Алтея последовала за ним. Они стояли у кареты, когда Олдус, Джиффорд и Яго вынесли ящики, которые нашли в полу, и закрепили их сзади. Модред медленно прохаживался вдоль дома, Олимпия шагала рядом с ним.
— С Модредом все в порядке? — спросила Аргуса Алтея.
— Он просто молодец, — ответил Аргус. — Ему нужно сделать это, чтобы доказать самому себе, что он достоин быть главой нашей семьи. Думаю, ему это пойдет на пользу. Это поможет ему оторваться от Чантилупа, он перестанет скрываться за его высокими стенами. Теперь он мужчина, не мальчик, и ему нужно выходить в люди. К тому же он увидит, что есть такие места, как, например, дом, в котором вы живете с Хартли, Там он сможет обрести не только покой, но и друзей, и общество.
— Конечно. Меня порадовало, что он смог общаться с Хартли и детьми. Ты прав. Ему нужно постепенно выбираться из своей пещеры. Хотелось бы, чтобы выход в мир не был слишком неприятным.
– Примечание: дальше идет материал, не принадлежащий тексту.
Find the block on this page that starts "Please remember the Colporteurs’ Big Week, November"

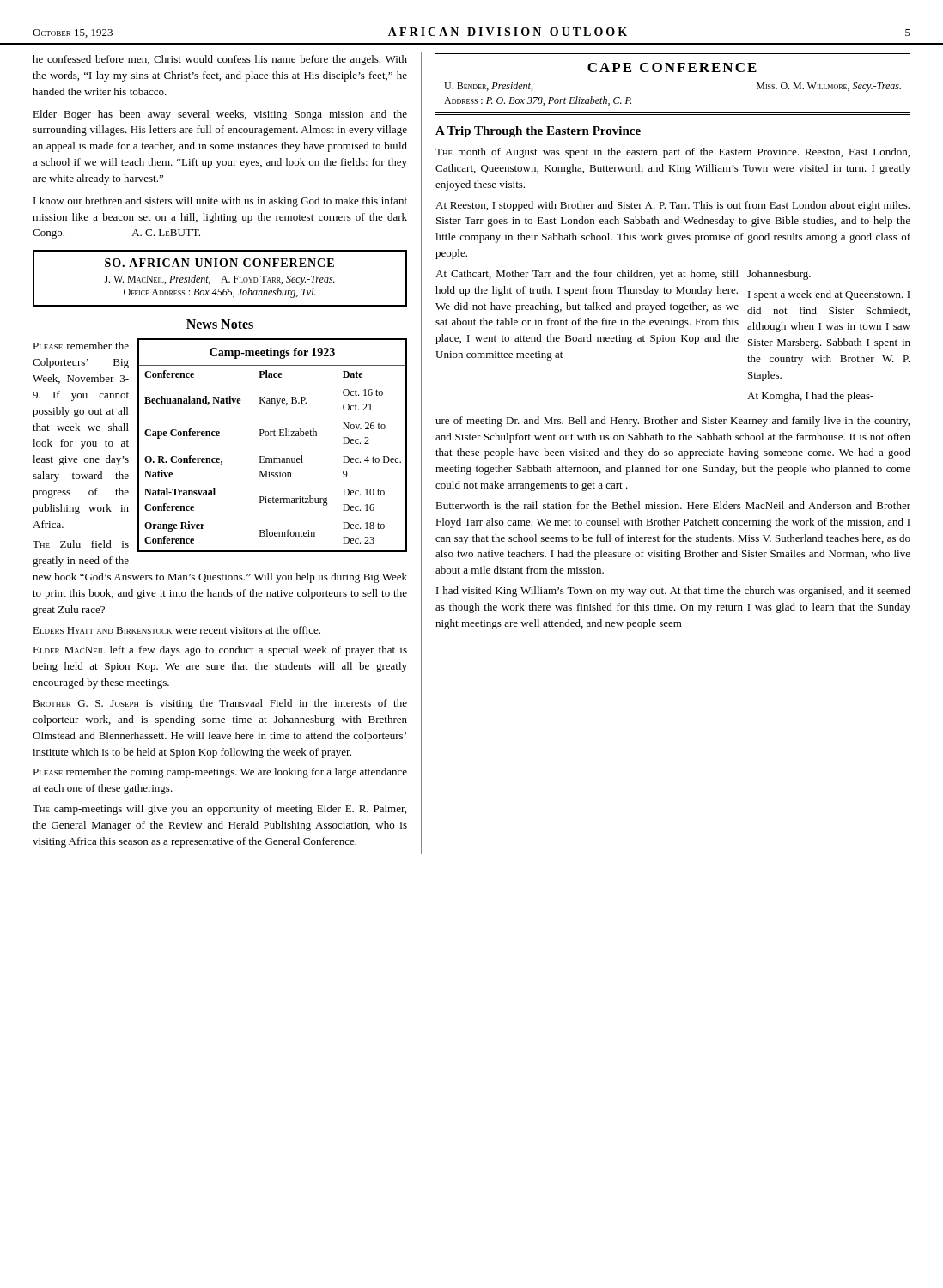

— Грустно, но в мире много неприятного. Если Модред когда-нибудь соприкоснется с реальной жизнью, настоящей жизнью, ему придется научиться справляться с этим. И в нашей семье есть люди, готовые помочь ему в этом.
Алтея кивнула.
— Как ты думаешь, на разведку потребуется много времени?
— Не слишком. Потом мы решим, как нам поступить с охранниками и незаметно проникнуть на склад. А это, милая, труднее всего. Ожидание. Продумывание каждого шага, который предпринимаешь. Но это единственно возможный способ. Быстрые действия могут показаться героическими и отважными, но при этом гибнут люди. — Аргус поцеловал ее в щеку. — Наберись терпения. Мы делаем все ради безопасности твоего мужа, да и ради своей собственной.
Она впустила его слова в сердце. Их нужно держать там и в голове, потому что в любой момент из-за страха она может натворить глупостей. А ее глупость может стоить Хартли жизни, может подвергнуть опасности жизни ее друзей и родственников.
Казалось, прошло несколько часов, пока разрабатывались планы. Вскоре Алтея поняла смысл выражения «рвать на себе волосы». Напряжение достигло такого предела, что она могла сломаться, как сухая ветка.
Когда, наконец, был отдан приказ отправляться, она просто бросилась к карете. Она терпеливо выслушала Аргуса, который сказал, что ей предстоит долгое ожидание. Ей не разрешат приблизиться к складу, пока не будет обеспечена охрана, а потом она будет дожидаться снаружи. Как ей ни претило, но она поклялась, что будет следовать приказам. Все, о чем она просила, — чтобы ей разрешили пойти к Хартли, как только его освободят.
Олимпия взяла ее за руку, когда карета тронулась в путь. Все остальные, кроме кучера и одного охранника, уже исчезли в ночи, лошади у них такие же темные, как и одежда. Алтея молилась про себя, чтобы они успели вовремя.
— Мы спасем его, — сказала Олимпия.
— Ты это видела?
— Нет, но Аргус уверен, а он редко ошибается, он ужасно самоуверенный и вообще невозможный. — Олимпия вздохнула. — Я тоже чувствую это. Глубоко в душе я просто чувствую это. Помнишь, я видела, что ты будешь счастлива?
Алтея помнила. К несчастью, голос в ее голове тихо напомнил, что Олимпия тогда не сказала, как долго она будет счастливой.
Жгучая боль в горле — вот что почувствовал Хартли, с трудом выбравшись из темного беспамятства. Очевидно, в конце он громко вопил, хотя и не помнил этого. Его гордость была задета, но он велел себе не быть идиотом. Какой дурак не страдал бы от боли при пытках? Его честь спасена. Он ничего им не сказал.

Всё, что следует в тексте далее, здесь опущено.